Our results also show that urban expansion will result in a 1.8-2.4% loss of global croplands by 2030, with substantial regional disparities. About 80% of global cropland loss from urban expansion will take place in Asia and Africa. In both Asia and Africa, much of the cropland that will be lost is more than twice as productive as national averages. Asia will experience the highest absolute loss in cropland while African countries will experience the highest percentage loss of cropland. Globally, the croplands that are likely to be lost were responsible for 3-4% of worldwide crop production in 2000. Urban expansion is expected to take place on cropland that is 1.77 times more productive than the global average. The loss of cropland is likely to be accompanied by other sustainability risks, and threatens livelihoods, with diverging characteristics for different mega-urban regions. Governance of urban area expansion thus emerges as a key area for securing livelihoods in the agrarian economies of the Global South.
This seminar will not be filmed.
Bio:
Karen Seto is Associate Dean for Research and Professor at the Yale School of Forestry and Environmental Studies. She is an expert in characterizing and forecasting urbanization, urban mitigation of climate change, and satellite remote sensing. She has pioneered methods to reconstruct land-use dynamics with satellite data and to forecast the expansion of urban areas.

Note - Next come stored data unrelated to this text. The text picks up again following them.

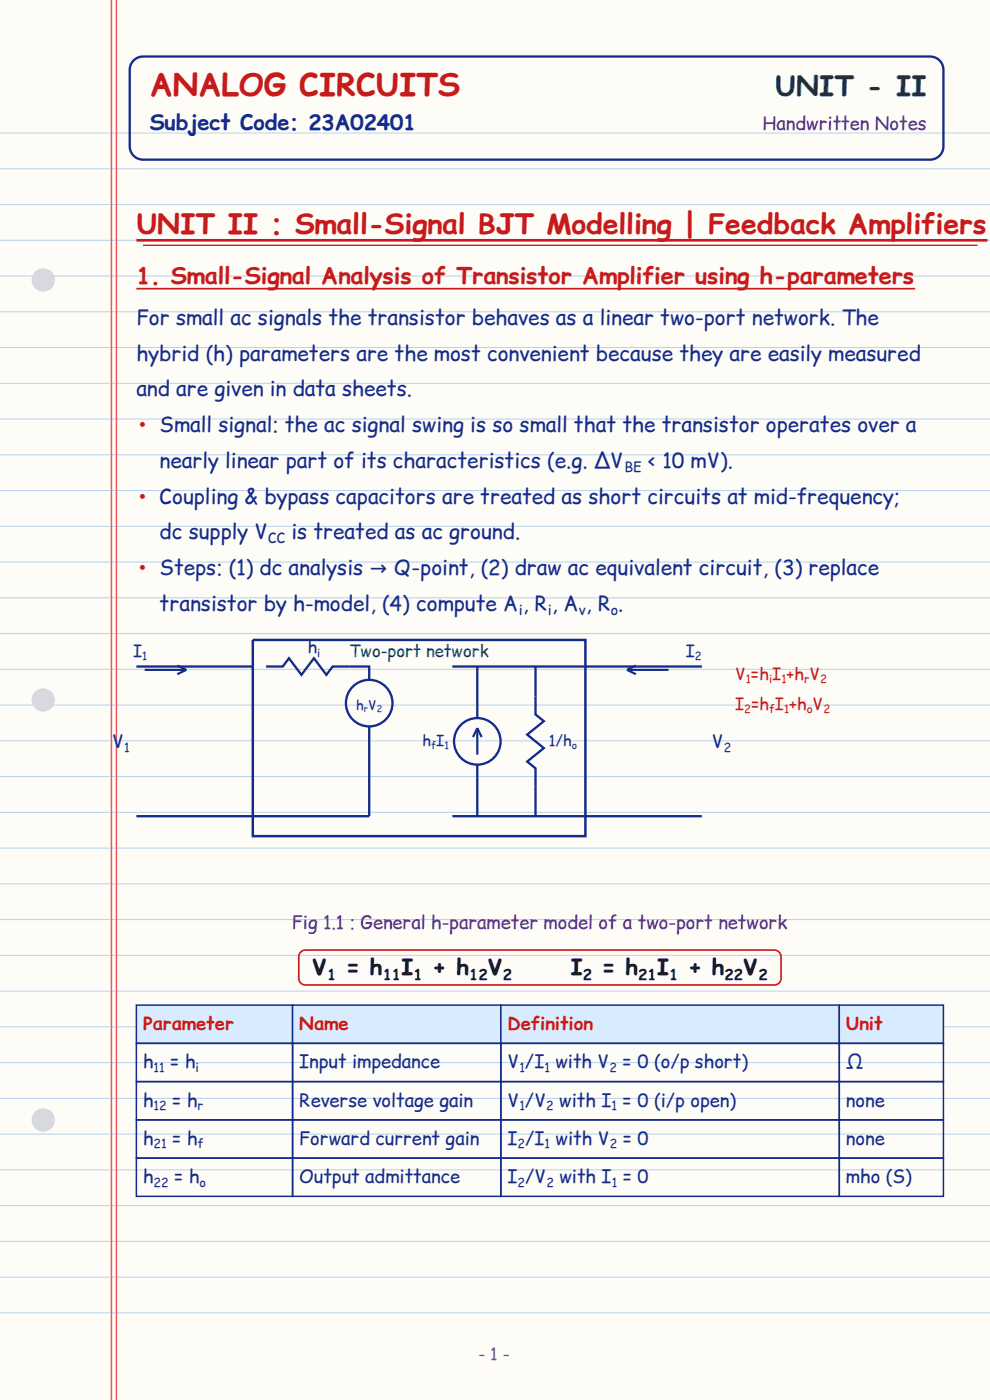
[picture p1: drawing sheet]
<svg xmlns="http://www.w3.org/2000/svg" width="210mm" height="297mm" viewBox="0 0 210 297" stroke-linecap="round" stroke-linejoin="round" font-family="sans-serif">
<defs><g id="words">
<text font-size="6.7" fill="#c71a1a" x="31.7" y="20.5">ANALOG CIRCUITS</text>
<text font-size="6" fill="#0d7333" x="164.4" y="20.5">UNIT - II</text>
<text font-size="6" fill="#c71a1a" x="28.9" y="49.6">UNIT II : Small-Signal BJT Modelling | Feedback Amplifiers</text>
<text font-size="4.9" fill="#c71a1a" x="28.9" y="60.2">1. Small-Signal Analysis of Transistor Amplifier using h-parameters</text>
<g font-size="4.8" fill="#1a1a1f">
<text x="66.2" y="206.8">V</text>
<text x="73.4" y="206.8">= h</text>
<text x="85.1" y="206.8">I</text>
<text x="91.8" y="206.8">+ h</text>
<text x="103.4" y="206.8">V</text>
<text x="121" y="206.8">I</text>
<text x="127.7" y="206.8">= h</text>
<text x="139.3" y="206.8">I</text>
<text x="146" y="206.8">+ h</text>
<text x="157.7" y="206.8">V</text>
</g>
<text font-size="4.6" fill="#142b8c" x="31.7" y="27.5">Subject Code: 23A02401</text>
<g font-size="4.4" fill="#142b8c">
<text x="28.9" y="68.9">For small ac signals the transistor behaves as a linear two-port network. The</text>
<text x="28.9" y="76.5">hybrid (h) parameters are the most convenient because they are easily measured</text>
<text x="28.9" y="84.1">and are given in data sheets.</text>
<text x="33.9" y="99.2">nearly linear part of its characteristics (e.g. ΔV</text>
<text x="137.5" y="99.2">&lt; 10 mV).</text>
<text x="33.9" y="114.4">dc supply V</text>
<text x="61.8" y="114.4">is treated as ac ground.</text>
<text x="33.9" y="129.6">transistor by h-model, (4) compute A , R , A , R .</text>
</g>
<g font-size="4.4" fill="#c71a1a">
<text x="28.9" y="91.7">• Small signal: the ac signal swing is so small that the transistor operates over a</text>
<text x="28.9" y="106.8">• Coupling &amp; bypass capacitors are treated as short circuits at mid-frequency;</text>
<text x="28.9" y="122">• Steps: (1) dc analysis → Q-point, (2) draw ac equivalent circuit, (3) replace</text>
</g>
<g font-size="3.9" fill="#661a80">
<text x="161.8" y="27.5">Handwritten Notes</text>
<text x="61.9" y="197.1">Fig 1.1 : General h-parameter model of a two-port network</text>
</g>
<g font-size="3.9" fill="#142b8c">
<text x="23.8" y="158.7">V</text>
<text x="151" y="158.7">V</text>
<text x="30.3" y="226.6">h</text>
<text x="36.1" y="226.6">= h</text>
<text x="63.5" y="226.6">Input impedance</text>
<text x="107.7" y="226.6">V /I with V</text>
<text x="132.1" y="226.6">= 0 (o/p short)</text>
<text x="179.4" y="226.6">Ω</text>
<text x="30.3" y="234.7">h</text>
<text x="36.5" y="234.7">= h</text>
<text x="63.5" y="234.7">Reverse voltage gain</text>
<text x="107.7" y="234.7">V /V</text>
<text x="118.6" y="234.7">with I = 0 (i/p open)</text>
<text x="179.4" y="234.7">none</text>
<text x="30.3" y="242.9">h</text>
<text x="36.5" y="242.9">= h</text>
<text x="63.5" y="242.9">Forward current gain</text>
<text x="107.7" y="242.9">I /I with V</text>
<text x="132.1" y="242.9">= 0</text>
<text x="179.4" y="242.9">none</text>
<text x="30.3" y="251">h</text>
<text x="37" y="251">= h</text>
<text x="63.5" y="251">Output admittance</text>
<text x="107.7" y="251">I /V</text>
<text x="118.7" y="251">with I = 0</text>
<text x="179.4" y="251">mho (S)</text>
</g>
<g font-size="3.9" fill="#c71a1a">
<text x="30.3" y="218.5">Parameter</text>
<text x="63.5" y="218.5">Name</text>
<text x="107.7" y="218.5">Definition</text>
<text x="179.4" y="218.5">Unit</text>
</g>
<g font-size="3.5" fill="#142b8c">
<text x="28.2" y="139.3">I</text>
<text x="65.3" y="138.6">h</text>
<text x="145.5" y="139.3">I</text>
</g>
<text font-size="3.5" fill="#0d7333" x="74.1" y="139.3">Two-port network</text>
<g font-size="3.5" fill="#c71a1a">
<text x="155.9" y="144.2">V =h I +h V</text>
<text x="155.9" y="150.6">I =h I +h V</text>
</g>
<text font-size="3.5" fill="#666673" x="101.5" y="288.5">- 1 -</text>
<g font-size="3.2" fill="#142b8c">
<text x="89.6" y="158.3">h I</text>
<text x="116.4" y="158.3">1/h</text>
</g>
<g font-size="3.2" fill="#1a1a1f">
<text x="69.4" y="207.8">1</text>
<text x="81.2" y="207.8">11</text>
<text x="87.7" y="207.8">1</text>
<text x="99.5" y="207.8">12</text>
<text x="106.7" y="207.8">2</text>
<text x="123.6" y="207.8">2</text>
<text x="135.4" y="207.8">21</text>
<text x="141.9" y="207.8">1</text>
<text x="153.7" y="207.8">22</text>
<text x="160.9" y="207.8">2</text>
</g>
<g font-size="3" fill="#142b8c">
<text x="132.4" y="100.1">BE</text>
<text x="56.9" y="115.3">CC</text>
<text x="110" y="130.5">i</text>
<text x="116.2" y="130.5">i</text>
<text x="122.8" y="130.5">v</text>
<text x="129.6" y="130.5">o</text>
</g>
<text font-size="2.8" fill="#142b8c" x="75.5" y="150.6">h V</text>
<g font-size="2.6" fill="#142b8c">
<text x="26.3" y="159.5">1</text>
<text x="153.5" y="159.5">2</text>
<text x="32.6" y="227.4">11</text>
<text x="41.5" y="227.4">i</text>
<text x="110.2" y="227.4">1</text>
<text x="115.5" y="227.4">1</text>
<text x="129.3" y="227.4">2</text>
<text x="32.6" y="235.5">12</text>
<text x="41.9" y="235.5">r</text>
<text x="110.2" y="235.5">1</text>
<text x="115.9" y="235.5">2</text>
<text x="129.7" y="235.5">1</text>
<text x="32.6" y="243.6">21</text>
<text x="41.9" y="243.6">f</text>
<text x="109.8" y="243.6">2</text>
<text x="115.5" y="243.6">1</text>
<text x="129.3" y="243.6">2</text>
<text x="32.6" y="251.8">22</text>
<text x="42.3" y="251.8">o</text>
<text x="109.8" y="251.8">2</text>
<text x="115.9" y="251.8">2</text>
<text x="129.8" y="251.8">1</text>
</g>
<g font-size="2.4" fill="#142b8c">
<text x="30.1" y="140">1</text>
<text x="67.3" y="139.3">i</text>
<text x="147.4" y="140">2</text>
</g>
<g font-size="2.4" fill="#c71a1a">
<text x="158.2" y="144.9">1</text>
<text x="163.1" y="144.9">i</text>
<text x="165.7" y="144.9">1</text>
<text x="170.6" y="144.9">r</text>
<text x="174" y="144.9">2</text>
<text x="157.9" y="151.3">2</text>
<text x="163.2" y="151.3">f</text>
<text x="166.3" y="151.3">1</text>
<text x="171.1" y="151.3">o</text>
<text x="174.7" y="151.3">2</text>
</g>
<g font-size="2.2" fill="#142b8c">
<text x="91.4" y="159">f</text>
<text x="94.3" y="159">1</text>
<text x="121.3" y="159">o</text>
</g>
<g font-size="1.9" fill="#142b8c">
<text x="77.2" y="151.1">r</text>
<text x="79.9" y="151.1">2</text>
</g>
</g></defs>
<path d="M0 0h210v297h-210z" fill-rule="evenodd" fill="#fefcf6"/>
<g fill="none" stroke="#b8d1ed" stroke-width=".21">
<path d="M0 28.2h210M0 35.8h210M0 43.4h210M0 51h210M0 58.6h210M0 66.1h210M0 73.7h210M0 81.3h210M0 88.9h210M0 96.5h210M0 104.1h210M0 111.7h210"/>
<path d="M0 119.2h210M0 126.8h210M0 134.4h210M0 142h210M0 149.6h210M0 157.2h210M0 164.7h210M0 172.3h210M0 179.9h210M0 187.5h210M0 195.1h210M0 202.7h210"/>
<path d="M0 210.3h210M0 217.8h210M0 225.4h210M0 233h210M0 240.6h210M0 248.2h210M0 255.8h210M0 263.3h210M0 270.9h210M0 278.5h210"/>
</g>
<path d="M23.6 0v297M24.7 0v297" fill="none" stroke="#e65959" stroke-width=".32"/>
<g fill="#d9d9d9">
<circle cx="9.2" cy="237.6" r="2.47"/>
<circle cx="9.2" cy="148.5" r="2.47"/>
<circle cx="9.2" cy="59.4" r="2.47"/>
</g>
<g fill="none" stroke="#142b8c" stroke-width=".49">
<path d="M28.1 13.1a2.82 2.82 0 0 1 2.2-1.1h167a2.82 2.82 0 0 1 2.8 2.8v16.2a2.82 2.82 0 0 1-2.8 2.9h-167a2.82 2.82 0 0 1-2.8-2.9v-16.2l.1-.6zM28.9 141.4h24.7M56.4 141.4h3.6l1.3-1.8 2.6 3.6 2.7-3.6 2.6 3.6 1.4-1.8h7.7v2.8M78.3 154.1v19.1h-49.4M96 141.4h52.9M101.2 141.4v10.9M113.6 141.4v10.2l1.8 1.4-3.6 2.8 3.6 2.9-3.6 2.9 1.8 1.4v10.2M96 173.2h52.9M101.2 162.2v11"/>
<circle cx="78.3" cy="149.2" r="4.9"/>
<circle cx="101.2" cy="157.3" r="4.9"/>
</g>
<path d="M28.9 51h180.6" fill="none" stroke="#c71a1a" stroke-width=".56"/>
<path d="M30.3 52h177.1" fill="none" stroke="#c71a1a" stroke-width=".28"/>
<path d="M28.9 61.2h165.2M63.9 201.8l.9-.2h99.5a1.41 1.41 0 0 1 1.4 1.4v4.5a1.41 1.41 0 0 1-1.4 1.5h-99.5a1.41 1.41 0 0 1-1.4-1.5v-4.5v-.5z" fill="none" stroke="#c71a1a" stroke-width=".35"/>
<path d="M53.6 135.8h70.6v41.6h-70.6z" fill="none" stroke="#142b8c" stroke-width=".53"/>
<path d="M30.7 142.1h8.8M37.6 141.2l1.9 .9M39.5 142.1l-1.9 .9M101.2 154.5v5.6M101.2 154.5l-.9 1.9M101.2 154.5l1 1.9M133 142.1h8.8M133 142.1l1.9 .9M134.9 141.2l-1.9 .9" fill="none" stroke="#142b8c" stroke-width=".46"/>
<path d="M28.9 213.2h33.2v8.1h-33.2z" fill-rule="evenodd" fill="#d9ebff"/>
<path d="M28.9 213.2h33.2v8.1h-33.2z" fill="none" stroke="#142b8c" stroke-width=".32"/>
<path d="M62.1 213.2h44.1v8.1h-44.1z" fill-rule="evenodd" fill="#d9ebff"/>
<path d="M62.1 213.2h44.1v8.1h-44.1z" fill="none" stroke="#142b8c" stroke-width=".32"/>
<path d="M106.2 213.2h71.8v8.1h-71.8z" fill-rule="evenodd" fill="#d9ebff"/>
<path d="M106.2 213.2h71.8v8.1h-71.8z" fill="none" stroke="#142b8c" stroke-width=".32"/>
<path d="M178 213.2h22.1v8.1h-22.1z" fill-rule="evenodd" fill="#d9ebff"/>
<g fill="none" stroke="#142b8c" stroke-width=".32">
<path d="M178 213.2h22.1v8.1h-22.1zM28.9 221.3h33.2v8.2h-33.2zM28.9 229.5h33.2v8.1h-33.2zM28.9 237.6h33.2v8.1h-33.2zM62.1 221.3h44.1v8.2h-44.1zM62.1 229.5h44.1v8.1h-44.1zM62.1 237.6h44.1v8.1h-44.1zM106.2 221.3h71.8v8.2h-71.8zM106.2 229.5h71.8v8.1h-71.8zM106.2 237.6h71.8v8.1h-71.8zM178 221.3h22.1v8.2h-22.1zM178 229.5h22.1v8.1h-22.1z"/>
<path d="M178 237.6h22.1v8.1h-22.1zM28.9 245.7h33.2v8.1h-33.2zM62.1 245.7h44.1v8.1h-44.1zM106.2 245.7h71.8v8.1h-71.8zM178 245.7h22.1v8.1h-22.1z"/>
</g>
<use href="#words"/>
</svg>

She was a Coordinating Lead Author for the IPCC Fifth Assessment Report, and has served on many U.S. National Research Council Committees, including the NRC Committee on Pathways to Urban Sustainability. She was a founding co-chair of the Urbanization and Global Environmental Change Project of the International Human Dimensions Programme, and Executive Producer of the documentary film, “10,000 Shovels: Rapid Urban Growth in China.” From 2000 to 2008, she was on the faculty at Stanford University, in the Woods Institute for the Environment and the School of Earth Sciences. She was named an Aldo Leopold Leadership Fellow in 2009. She joined the Yale faculty in 2008.